>>>>
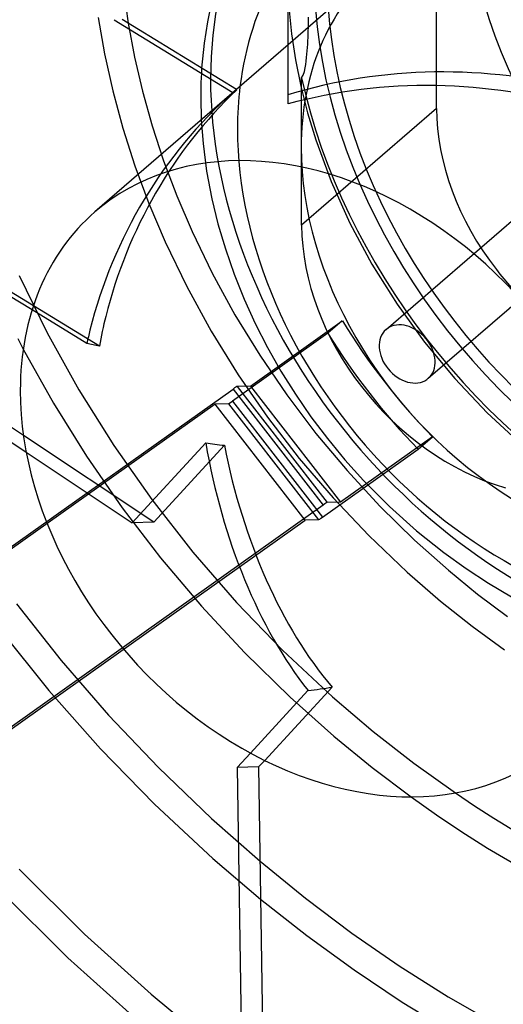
# Model space of a CAD drawing. Header units: millimetres. Extents: x -119 to 119, y -152 to 148.
# Tile 8 of 16: x -34 to 0, y -47 to 21. Entities that reach past the tile are written whole.
import ezdxf

# ---------------------------------------------------------------- set-up
doc = ezdxf.new("R2010")
doc.units = ezdxf.units.MM
doc.layers.add('HIDDEN', color=7, linetype='Continuous')
doc.layers.add('THICK', color=7, linetype='Continuous')

msp = doc.modelspace()

# ---------------------------------------------------------------- linework, layer by layer
at = {"layer": 'HIDDEN'}
for p, q in [((-4.644, 15.125), (-4.644, 50.632)), ((-8.884, 24.849), (-15, 19.552)), ((-14.951, 22.171), (-14.762, 20.316)), ((-28.219, 21.467), (-27.783, 18.927)), ((-13.568, 21.245), (-13.564, 21.481)), ((-26.132, 21.057), (-25.698, 18.703)), ((-13.586, 20.537), (-13.579, 20.773)), ((-13.579, 20.773), (-13.573, 21.009)), ((-13.573, 21.009), (-13.568, 21.245)), ((-14.762, 20.316), (-14.485, 18.507)), ((-13.616, 19.831), (-13.604, 20.066)), ((-13.604, 20.066), (-13.595, 20.301)), ((-13.595, 20.301), (-13.586, 20.537)), ((-13.661, 19.129), (-13.644, 19.363)), ((-13.644, 19.363), (-13.629, 19.597)), ((-13.629, 19.597), (-13.616, 19.831)), ((-27.783, 18.927), (-27.214, 16.35)), ((-25.698, 18.703), (-25.144, 16.316)), ((-13.732, 18.426), (-13.705, 18.661)), ((-13.705, 18.661), (-13.682, 18.895)), ((-13.682, 18.895), (-13.661, 19.129)), ((-21.018, 17.919), (-21.038, 17.587)), ((-14.485, 18.507), (-14.112, 16.669)), ((-13.858, 17.699), (-13.805, 17.95)), ((-13.805, 17.95), (-13.765, 18.19)), ((-13.765, 18.19), (-13.732, 18.426)), ((-21.055, 17.253), (-21.068, 16.916)), ((-21.038, 17.587), (-21.055, 17.253)), ((-14.049, 17.243), (-13.934, 17.444)), ((-14.049, 6.98), (-14.049, 17.243)), ((-13.934, 17.444), (-13.858, 17.699)), ((-21.077, 16.579), (-21.083, 16.241)), ((-21.068, 16.916), (-21.077, 16.579)), ((-14.112, 16.669), (-13.641, 14.809)), ((-27.214, 16.35), (-26.51, 13.745)), ((-25.144, 16.316), (-24.469, 13.903)), ((-21.083, 16.241), (-21.085, 15.903)), ((-21.085, 15.903), (-21.044, 14.303)), ((-18.838, 16.229), (-18.837, 16.228)), ((-18.571, 16.418), (-18.599, 16.435)), ((-4.644, 15.125), (-14.049, 6.98)), ((-13.641, 14.809), (-13.071, 12.934)), ((-26.51, 13.745), (-25.67, 11.124)), ((-24.469, 13.903), (-23.674, 11.474)), ((-21.044, 14.303), (-20.92, 12.67)), ((-20.92, 12.67), (-20.669, 10.751)), ((-13.071, 12.934), (-11.995, 10.022)), ((-25.67, 11.124), (-24.695, 8.496)), ((-23.674, 11.474), (-22.757, 9.037)), ((-20.669, 10.751), (-20.306, 8.823)), ((-11.995, 10.022), (-10.686, 7.121)), ((-22.757, 9.037), (-21.687, 6.53)), ((-24.695, 8.496), (-23.557, 5.811)), ((-20.306, 8.823), (-19.882, 7.077)), ((-8.171, -0.293), (1.234, 7.852)), ((-19.882, 7.077), (-19.365, 5.323)), ((-10.686, 7.121), (-9.151, 4.262)), ((-21.687, 6.53), (-20.289, 3.634)), ((-23.557, 5.811), (-22.055, 2.696)), ((-19.365, 5.323), (-18.755, 3.568)), ((-9.151, 4.262), (-7.401, 1.474)), ((-5.225, -3.695), (4.18, 4.45)), ((-28.144, -1.458), (-36.419, 3.62)), ((-33.737, 3.469), (-31.786, -0.524)), ((-20.289, 3.634), (-18.708, 0.742)), ((-18.755, 3.568), (-18.055, 1.823)), ((-22.055, 2.696), (-20.35, -0.413)), ((-18.055, 1.823), (-17.285, 0.131)), ((-7.401, 1.474), (-5.48, -1.177)), ((-29.015, -1.275), (-32.835, 1.069)), ((-18.708, 0.742), (-16.973, -2.087)), ((-17.616, -4.238), (-11.215, 0.315)), ((-17.285, 0.131), (-16.43, -1.543)), ((-11.215, 0.315), (-12.215, -0.551)), ((-31.786, -0.524), (-29.576, -4.496)), ((-20.35, -0.413), (-18.472, -3.45)), ((-12.215, -0.551), (-18.869, -5.284)), ((-5.48, -1.177), (-3.38, -3.707)), ((-33.449, -1.658), (-31.346, -5.432)), ((-16.43, -1.543), (-15.494, -3.192)), ((-16.973, -2.087), (-15.086, -4.85)), ((-15.494, -3.192), (-14.481, -4.807)), ((-18.472, -3.45), (-16.425, -6.41)), ((-3.38, -3.707), (-1.122, -6.092)), ((-55.182, -30.298), (-18.83, -4.44)), ((-29.576, -4.496), (-27.144, -8.375)), ((-18.83, -4.44), (-12.553, -12.529)), ((-17.616, -4.238), (-18.544, -4.259)), ((-18.544, -4.259), (-12.267, -12.348)), ((-17.616, -4.238), (-11.339, -12.326)), ((-20.084, -5.486), (-55.57, -30.729)), ((-31.346, -5.432), (-29.048, -9.122)), ((-19.156, -5.465), (-20.084, -5.486)), ((-13.807, -13.575), (-20.084, -5.486)), ((-19.156, -5.465), (-12.879, -13.554)), ((-18.869, -5.284), (-12.593, -13.373)), ((-15.086, -4.85), (-13.054, -7.533)), ((-14.481, -4.807), (-13.403, -6.37)), ((-1.122, -6.092), (1.275, -8.31)), ((-16.425, -6.41), (-14.219, -9.276)), ((-13.403, -6.37), (-12.255, -7.892)), ((-13.054, -7.533), (-10.889, -10.12)), ((-24.359, -13.723), (-33.431, -7.684)), ((-25.847, -13.76), (-20.733, -8.197)), ((-12.255, -7.892), (-11.041, -9.366)), ((-4.938, -7.773), (-11.339, -12.326)), ((-5.938, -8.639), (-4.938, -7.773)), ((-33.242, -8.838), (-25.847, -13.76)), ((-27.144, -8.375), (-24.493, -12.152)), ((-19.432, -8.364), (-24.359, -13.723)), ((-12.593, -13.373), (-5.938, -8.639)), ((-29.048, -9.122), (-26.555, -12.723)), ((-14.219, -9.276), (-11.865, -12.032)), ((-11.041, -9.366), (-9.732, -10.821)), ((-10.889, -10.12), (-8.602, -12.596)), ((-9.732, -10.821), (-7.923, -12.64)), ((-24.493, -12.152), (-21.637, -15.806)), ((-11.339, -12.326), (-12.267, -12.348)), ((-11.865, -12.032), (-9.377, -14.661)), ((-12.553, -12.529), (-48.905, -38.387)), ((-26.555, -12.723), (-23.88, -16.218)), ((-8.602, -12.596), (-6.184, -14.969)), ((-7.923, -12.64), (-6.04, -14.323)), ((-49.293, -38.817), (-13.807, -13.575)), ((-24.359, -13.723), (-25.847, -13.76)), ((-12.879, -13.554), (-13.807, -13.575)), ((-6.04, -14.323), (-4.135, -15.846)), ((-9.377, -14.661), (-6.696, -17.213)), ((-6.184, -14.969), (-3.828, -17.072)), ((-23.88, -16.218), (-21.036, -19.588)), ((-21.637, -15.806), (-18.592, -19.313)), ((-4.135, -15.846), (-2.595, -16.952)), ((-3.828, -17.072), (-1.796, -18.734)), ((-2.595, -16.952), (-1.023, -17.978)), ((-6.696, -17.213), (-4.375, -19.223)), ((-1.023, -17.978), (0.574, -18.919)), ((-1.796, -18.734), (0.282, -20.301)), ((-33.915, -19.417), (-30.795, -23.365)), ((-21.036, -19.588), (-18.036, -22.816)), ((-18.592, -19.313), (-15.377, -22.654)), ((-4.375, -19.223), (-2.17, -20.972)), ((-35.042, -21.24), (-31.653, -25.458)), ((-2.17, -20.972), (0.083, -22.613)), ((-18.036, -22.816), (-14.859, -25.918)), ((-15.377, -22.654), (-11.911, -25.894)), ((-30.795, -23.365), (-27.496, -27.174)), ((-11.931, -25.226), (-16.625, -30.332)), ((-31.653, -25.458), (-28.064, -29.513)), ((-13.607, -25.467), (-17.61, -29.821)), ((-14.859, -25.918), (-11.798, -28.643)), ((-11.911, -25.894), (-9.061, -28.319)), ((-27.496, -27.174), (-24.032, -30.824)), ((-11.798, -28.643), (-9.139, -30.817)), ((-9.061, -28.319), (-6.225, -30.531)), ((-28.064, -29.513), (-24.292, -33.384)), ((-24.032, -30.824), (-20.34, -34.37)), ((-9.139, -30.817), (-6.42, -32.87)), ((-6.225, -30.531), (-3.33, -32.6)), ((-24.292, -33.384), (-20.235, -37.16)), ((-20.34, -34.37), (-16.95, -37.36)), ((-20.235, -37.16), (-16.912, -39.992)), ((-33.732, -37.903), (-29.182, -42.432)), ((-35.018, -39.452), (-30.334, -44.095)), ((-29.182, -42.432), (-24.538, -46.629)), ((-30.334, -44.095), (-25.626, -48.331)), ((-24.538, -46.629), (-20.676, -49.825))]:
    msp.add_line(p, q, dxfattribs=at)
for centre, major_axis, ratio, start_param, end_param in [((0, 0), (-76.627, 88.481), 0.75, -2.427868, -0.857072), ((0, 0), (-65.76, 75.933), 0.75, -2.427868, 0), ((17.907, 15.508), (-23.502, 27.138), 0.75, -2.427868, 0), ((27.312, 23.653), (22.815, -26.344), 0.75, 3.141578, 5.426113), ((9.783, 8.472), (-22.815, 26.344), 0.75, -0.857072, 0.713724), ((17.907, 15.508), (-22.815, 26.344), 0.75, -0.000014, 2.284521), ((0, 0), (-76.627, 88.481), 0.75, 0.713724, 2.284521), ((0, 0), (75.318, -86.97), 0.75, -2.427868, -0.857072), ((7.22, 6.253), (16.104, -18.596), 0.75, 3.141578, 3.855317), ((17.907, 15.508), (-23.502, 27.138), 0.75, 0.713724, 3.141593), ((-4.275, -3.702), (-69.066, 79.751), 0.75, 0.713724, 2.828798), ((-7.505, -6.5), (-67.102, 77.483), 0.75, 0.713724, 2.284521), ((-4.202, -3.639), (28.406, 0), 0.75, 1.222247, 1.960758), ((9.783, 8.472), (-22.815, 26.344), 0.75, 0.713724, 2.284521), ((17.907, 15.508), (24.811, -28.65), 0.75, -2.197642, -1.087298), ((7.22, 6.253), (-19.46, 22.47), 0.75, 0.596002, 0.713724), ((-5.298, -4.589), (11.145, 25.83), 0.842518, 1.0601, 1.764221), ((-4.202, -3.639), (11.145, 25.83), 0.842518, 1.101512, 1.764221), ((5.5, 4.763), (-24.899, 10.743), 0.25133, -0.17175, -0.130338), ((9.559, 11.025), (-10.736, 12.397), 0.75, 0.713724, 2.284521), ((7.22, 6.253), (-19.46, 22.47), 0.75, 0.713724, 2.54559), ((7.22, 6.253), (16.104, -18.596), 0.75, -2.427868, -0.000014), ((0.154, 2.88), (10.736, -12.397), 0.75, -2.427868, -0.857072), ((-4.202, -3.639), (11.145, 25.83), 0.842518, 1.764221, 1.840024), ((13.033, 11.286), (22.815, -26.344), 0.75, -1.790064, -1.494876), ((-6.698, -1.994), (1.473, -1.701), 0.75, 0.000079, 3.069919), ((-5.298, -4.589), (11.145, 25.83), 0.842518, 1.764221, 1.798612), ((12.033, 10.42), (-22.815, 26.344), 0.75, 1.351528, 1.646717), ((-6.698, -1.994), (1.473, -1.701), 0.75, -3.141514, -0.071674), ((-6.698, -1.994), (1.473, -1.701), 0.75, 3.069919, 3.141672), ((-15, -12.99), (-24.899, 10.743), 0.25133, -0.910261, -0.868849), ((-6.698, -1.994), (1.473, -1.701), 0.75, -0.071674, 0.000079), ((-19.33, -4.873), (0.79, 0.613), 0.047367, 0.063939, 0.849337), ((-18.369, -4.851), (0.79, 0.613), 0.047367, -3.077654, -2.292255), ((5.5, 4.763), (40.486, 5.652), 0.306998, -2.317749, -2.276337), ((-5.298, -4.589), (3.798, -27.202), 0.575513, -1.518361, -0.779849), ((-4.202, -3.639), (3.798, -27.202), 0.575513, -1.476949, -0.738438), ((-13.053, -12.962), (-0.79, -0.613), 0.047367, -3.077654, -2.292255), ((-12.093, -12.94), (-0.79, -0.613), 0.047367, 0.063939, 0.849337), ((-15, -12.99), (40.486, 5.652), 0.306998, -1.579238, -1.537826), ((0, 0), (-65.76, 75.933), 0.75, 1.515872, 1.960949)]:
    msp.add_ellipse(centre, major_axis=major_axis, ratio=ratio, start_param=start_param, end_param=end_param, dxfattribs=at)
at = {"layer": 'THICK'}
for p, q in [((-15, 15.435), (-15, 23.817)), ((-26.306, 22.216), (-26.132, 21.057)), ((-20.401, 22.204), (-20.617, 21.148)), ((-27.112, 21.306), (-18.838, 16.229)), ((-18.599, 16.435), (-26.543, 21.309)), ((-20.617, 21.148), (-20.844, 19.66)), ((-15, 19.552), (-28.454, 7.9)), ((-20.844, 19.66), (-21.018, 17.919)), ((-32.835, 1.069), (-36.988, 3.616)), ((-33.835, -0.917), (-33.449, -1.658)), ((-38.691, -5.21), (-33.242, -8.838)), ((-33.431, -7.684), (-37.202, -5.174)), ((-17.61, -29.821), (-18.534, -30.826)), ((-17.045, -30.789), (-18.534, -30.826)), ((-18.534, -30.826), (-18.213, -52.996)), ((-16.625, -30.332), (-17.045, -30.789)), ((-17.045, -30.789), (-16.724, -52.959)), ((-6.42, -32.87), (-4.66, -34.113)), ((-3.33, -32.6), (-2.001, -33.489)), ((-2.001, -33.489), (-0.661, -34.349)), ((-4.66, -34.113), (-2.887, -35.3)), ((-0.661, -34.349), (0.899, -35.301)), ((-2.887, -35.3), (-1.091, -36.437)), ((-1.091, -36.437), (1.597, -38.018)), ((-16.95, -37.36), (-13.78, -39.936)), ((-16.912, -39.992), (-13.68, -42.536)), ((-13.78, -39.936), (-10.542, -42.368)), ((-13.68, -42.536), (-10.384, -44.933)), ((-10.542, -42.368), (-7.249, -44.649)), ((-10.384, -44.933), (-7.038, -47.176)), ((-7.249, -44.649), (-3.838, -46.818)), ((-7.038, -47.176), (-2.892, -49.696)), ((-3.838, -46.818), (1.576, -49.885))]:
    msp.add_line(p, q, dxfattribs=at)
for centre, major_axis, start_param, end_param in [((-4.275, -3.702), (-69.066, 79.751), -2.427868, -0.857072), ((-10.925, -9.461), (65.76, -75.933), 0.713724, 3.141593), ((-7.505, -6.5), (-67.102, 77.483), -2.427868, -0.857072), ((-10.925, -9.461), (-67.102, 77.483), -3.141592, -0.857072), ((7.22, 6.253), (-19.46, 22.47), 0.255014, 0.596002), ((-5.298, -4.589), (28.406, 0), 1.180835, 1.919346), ((-12.35, -10.695), (-16.104, 18.596), -2.427868, -0.000014), ((-12.35, -10.695), (-16.104, 18.596), -0.000014, 0.713724), ((-12.35, -10.695), (-16.104, 18.596), 0.713724, 3.141578)]:
    msp.add_ellipse(centre, major_axis=major_axis, ratio=0.75, start_param=start_param, end_param=end_param, dxfattribs=at)

doc.saveas('drawing.dxf')
<<<<
**EXERCISE DIRECTIONS:** Copy out every line of the entries where the string "units" shows up.

**WRITTEN REPLY:**
# Model space of a CAD drawing. Header units: millimetres. Extents: x -119 to 119, y -152 to 148.
doc.units = ezdxf.units.MM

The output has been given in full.